:: Exercise ::
Go through the records and set each one down exactly, skipping any picture.

:: Data excerpts ::
------------------------------
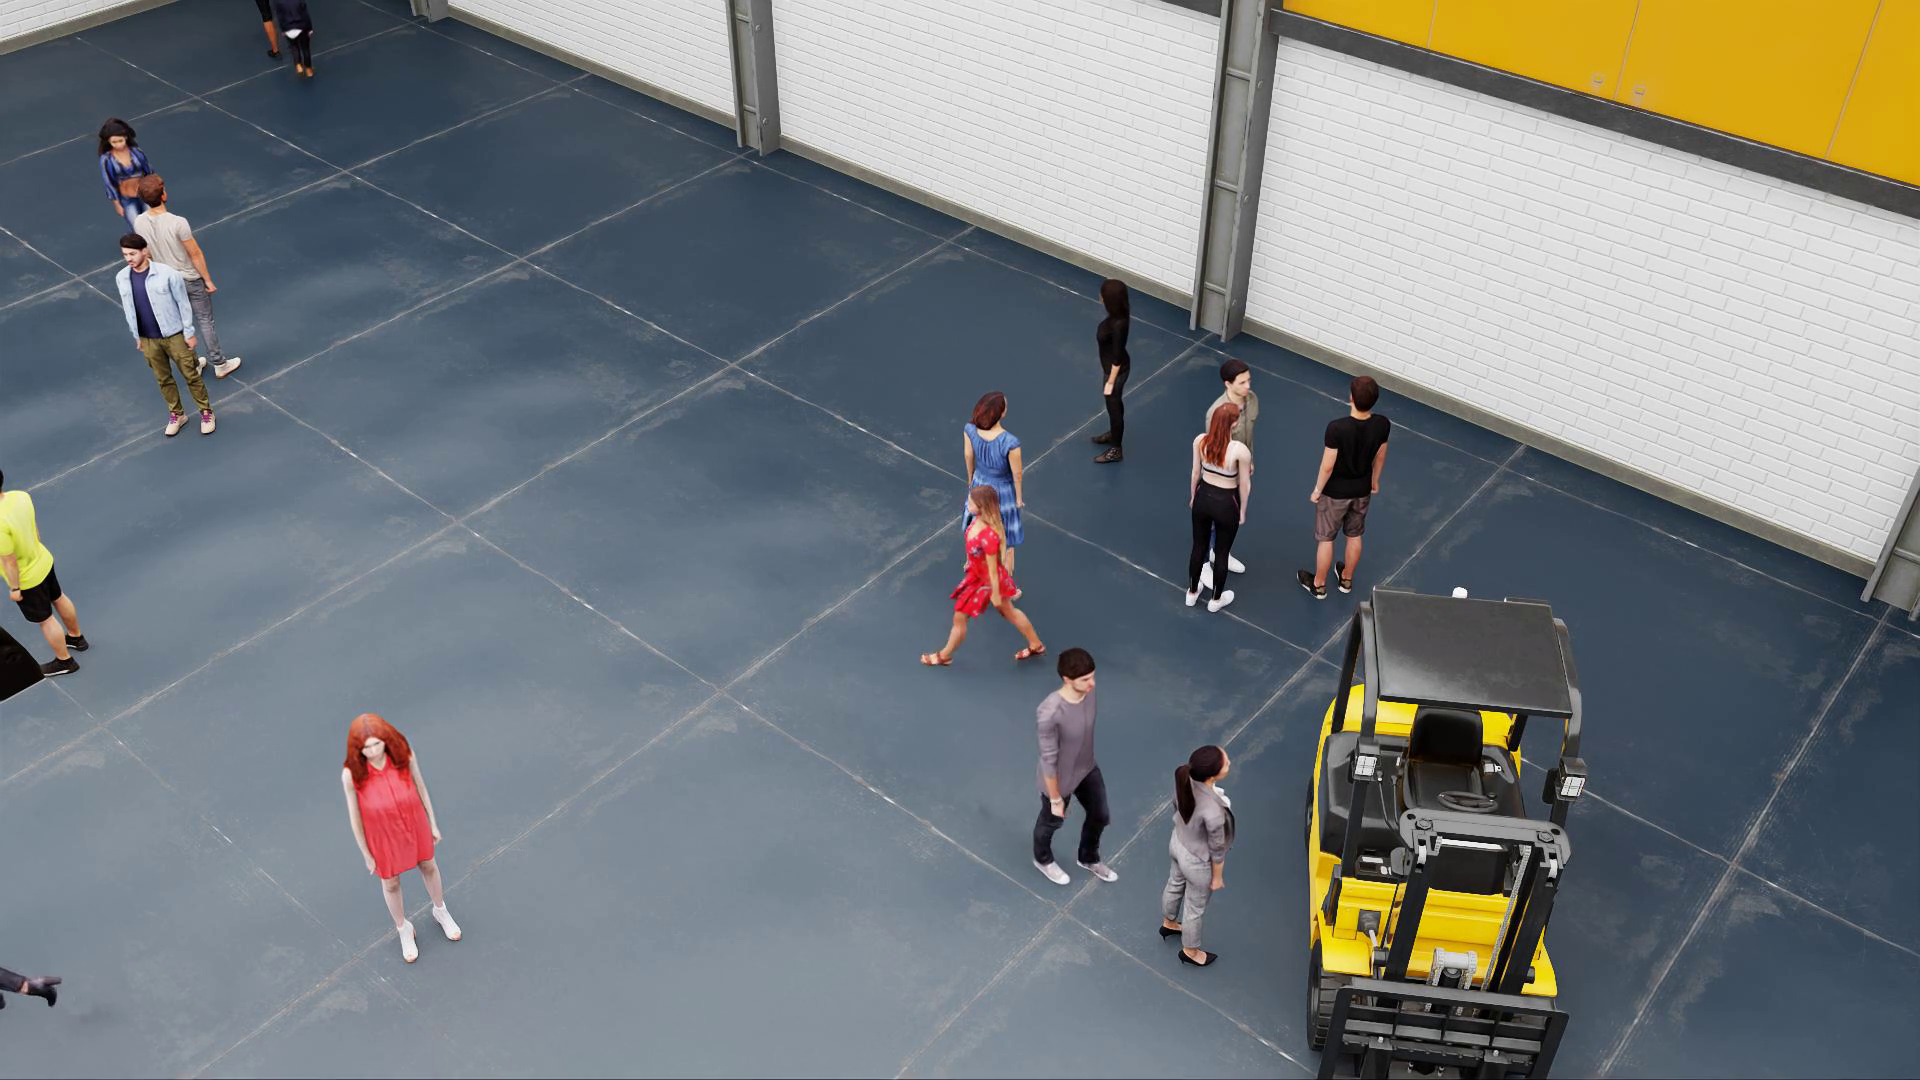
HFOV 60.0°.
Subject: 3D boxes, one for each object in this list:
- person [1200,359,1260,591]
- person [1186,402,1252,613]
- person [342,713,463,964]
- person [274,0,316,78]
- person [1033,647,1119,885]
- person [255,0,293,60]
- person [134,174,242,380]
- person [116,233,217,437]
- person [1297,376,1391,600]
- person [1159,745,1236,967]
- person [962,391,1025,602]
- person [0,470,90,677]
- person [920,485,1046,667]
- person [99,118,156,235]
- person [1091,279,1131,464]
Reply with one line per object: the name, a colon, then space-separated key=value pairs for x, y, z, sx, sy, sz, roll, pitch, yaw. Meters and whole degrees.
person: x=1.923 y=-0.506 z=12.110 sx=0.595 sy=1.865 sz=0.709 roll=31 pitch=48 yaw=33
person: x=1.826 y=-0.238 z=11.874 sx=0.492 sy=1.741 sz=0.671 roll=20 pitch=43 yaw=24
person: x=-3.182 y=1.667 z=9.419 sx=0.637 sy=1.828 sz=0.591 roll=-23 pitch=44 yaw=-26
person: x=-7.810 y=-6.022 z=19.541 sx=0.627 sy=1.211 sz=0.682 roll=-8 pitch=39 yaw=-10
person: x=0.567 y=1.326 z=9.838 sx=0.735 sy=1.837 sz=0.712 roll=31 pitch=48 yaw=33
person: x=-8.308 y=-6.658 z=19.908 sx=0.637 sy=1.748 sz=0.590 roll=-28 pitch=46 yaw=-31
person: x=-6.682 y=-2.241 z=14.257 sx=0.710 sy=1.898 sz=0.809 roll=2 pitch=39 yaw=3
person: x=-6.529 y=-1.688 z=13.633 sx=0.745 sy=1.812 sz=0.811 roll=-2 pitch=39 yaw=-3
person: x=2.772 y=-0.373 z=11.948 sx=0.771 sy=1.860 sz=0.785 roll=-10 pitch=40 yaw=-12
person: x=1.325 y=1.776 z=9.403 sx=0.773 sy=1.678 sz=0.668 roll=-16 pitch=41 yaw=-19
person: x=0.246 y=-0.295 z=11.893 sx=0.547 sy=1.806 sz=0.756 roll=21 pitch=43 yaw=24
person: x=-6.376 y=0.174 z=11.384 sx=0.742 sy=1.709 sz=0.694 roll=-1 pitch=39 yaw=-2
person: x=0.274 y=0.289 z=11.373 sx=1.147 sy=1.543 sz=1.047 roll=-1 pitch=39 yaw=-1
person: x=-7.786 y=-3.237 z=15.731 sx=0.689 sy=1.613 sz=0.705 roll=-23 pitch=44 yaw=-26
person: x=1.255 y=-1.374 z=13.377 sx=0.681 sy=1.640 sz=0.657 roll=3 pitch=39 yaw=4
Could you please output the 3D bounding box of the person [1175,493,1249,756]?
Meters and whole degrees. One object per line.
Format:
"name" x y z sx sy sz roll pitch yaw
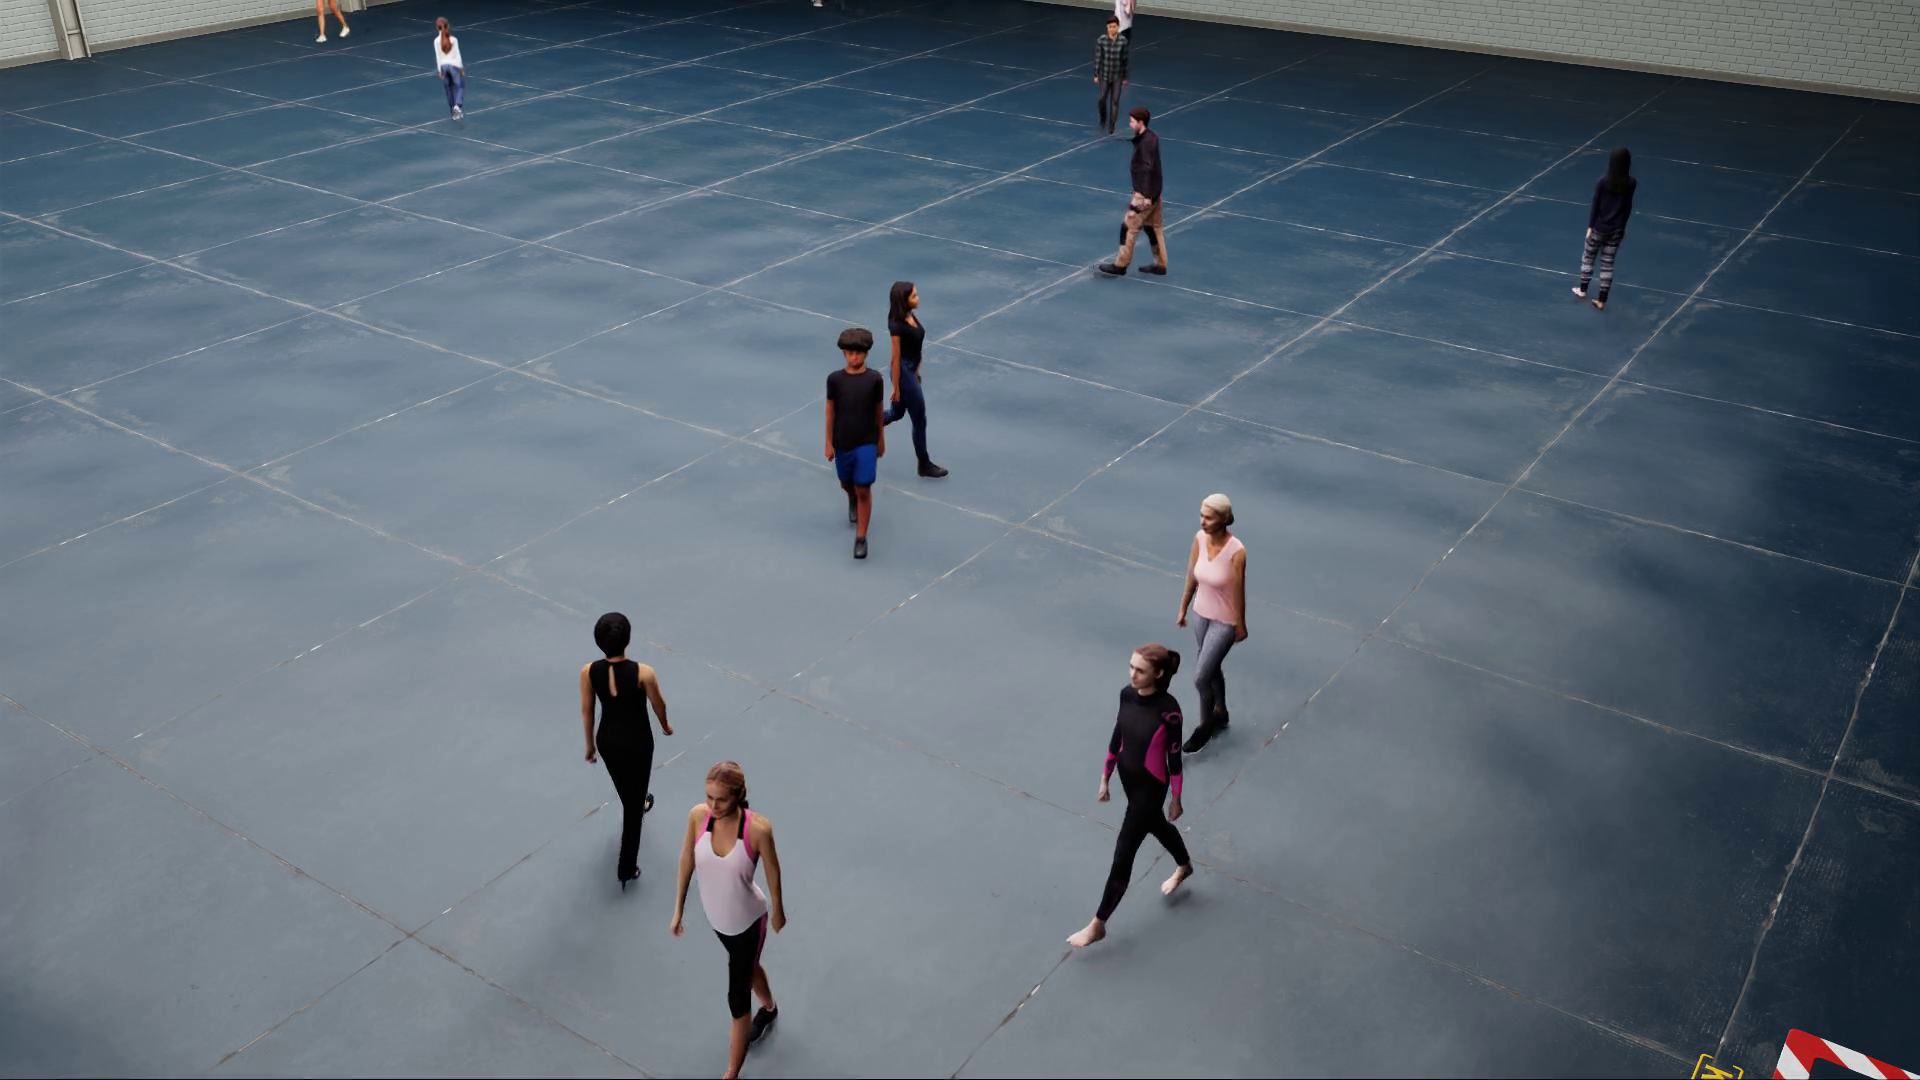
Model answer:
"person" 1.655 0.470 10.356 0.841 1.708 0.715 -18 32 -31

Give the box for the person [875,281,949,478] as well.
"person" -0.547 -1.326 13.840 0.981 1.713 1.115 4 27 7

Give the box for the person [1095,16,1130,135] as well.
------------------------------
:: Task answer ::
HFOV 60.0°.
Subject: 3D boxes, one for each object in this list:
- person [1200,359,1260,591]
- person [1186,402,1252,613]
- person [342,713,463,964]
- person [274,0,316,78]
- person [1033,647,1119,885]
- person [255,0,293,60]
- person [134,174,242,380]
- person [116,233,217,437]
- person [1297,376,1391,600]
- person [1159,745,1236,967]
- person [962,391,1025,602]
- person [0,470,90,677]
- person [920,485,1046,667]
- person [99,118,156,235]
- person [1091,279,1131,464]
Reply with one line per object: the name, a colon, then space-separated key=value pairs for x, y, z, sx, sy, sz, roll, pitch, yaw. Meters and whole degrees.
person: x=1.923 y=-0.506 z=12.110 sx=0.595 sy=1.865 sz=0.709 roll=31 pitch=48 yaw=33
person: x=1.826 y=-0.238 z=11.874 sx=0.492 sy=1.741 sz=0.671 roll=20 pitch=43 yaw=24
person: x=-3.182 y=1.667 z=9.419 sx=0.637 sy=1.828 sz=0.591 roll=-23 pitch=44 yaw=-26
person: x=-7.810 y=-6.022 z=19.541 sx=0.627 sy=1.211 sz=0.682 roll=-8 pitch=39 yaw=-10
person: x=0.567 y=1.326 z=9.838 sx=0.735 sy=1.837 sz=0.712 roll=31 pitch=48 yaw=33
person: x=-8.308 y=-6.658 z=19.908 sx=0.637 sy=1.748 sz=0.590 roll=-28 pitch=46 yaw=-31
person: x=-6.682 y=-2.241 z=14.257 sx=0.710 sy=1.898 sz=0.809 roll=2 pitch=39 yaw=3
person: x=-6.529 y=-1.688 z=13.633 sx=0.745 sy=1.812 sz=0.811 roll=-2 pitch=39 yaw=-3
person: x=2.772 y=-0.373 z=11.948 sx=0.771 sy=1.860 sz=0.785 roll=-10 pitch=40 yaw=-12
person: x=1.325 y=1.776 z=9.403 sx=0.773 sy=1.678 sz=0.668 roll=-16 pitch=41 yaw=-19
person: x=0.246 y=-0.295 z=11.893 sx=0.547 sy=1.806 sz=0.756 roll=21 pitch=43 yaw=24
person: x=-6.376 y=0.174 z=11.384 sx=0.742 sy=1.709 sz=0.694 roll=-1 pitch=39 yaw=-2
person: x=0.274 y=0.289 z=11.373 sx=1.147 sy=1.543 sz=1.047 roll=-1 pitch=39 yaw=-1
person: x=-7.786 y=-3.237 z=15.731 sx=0.689 sy=1.613 sz=0.705 roll=-23 pitch=44 yaw=-26
person: x=1.255 y=-1.374 z=13.377 sx=0.681 sy=1.640 sz=0.657 roll=3 pitch=39 yaw=4
Could you please output the 3D bounding box of the person [1175,493,1249,756]?
Meters and whole degrees. One object per line.
Format:
"name" x y z sx sy sz roll pitch yaw
Model answer:
"person" 1.655 0.470 10.356 0.841 1.708 0.715 -18 32 -31

Give the box for the person [875,281,949,478] as well.
"person" -0.547 -1.326 13.840 0.981 1.713 1.115 4 27 7

Give the box for the person [1095,16,1130,135] as well.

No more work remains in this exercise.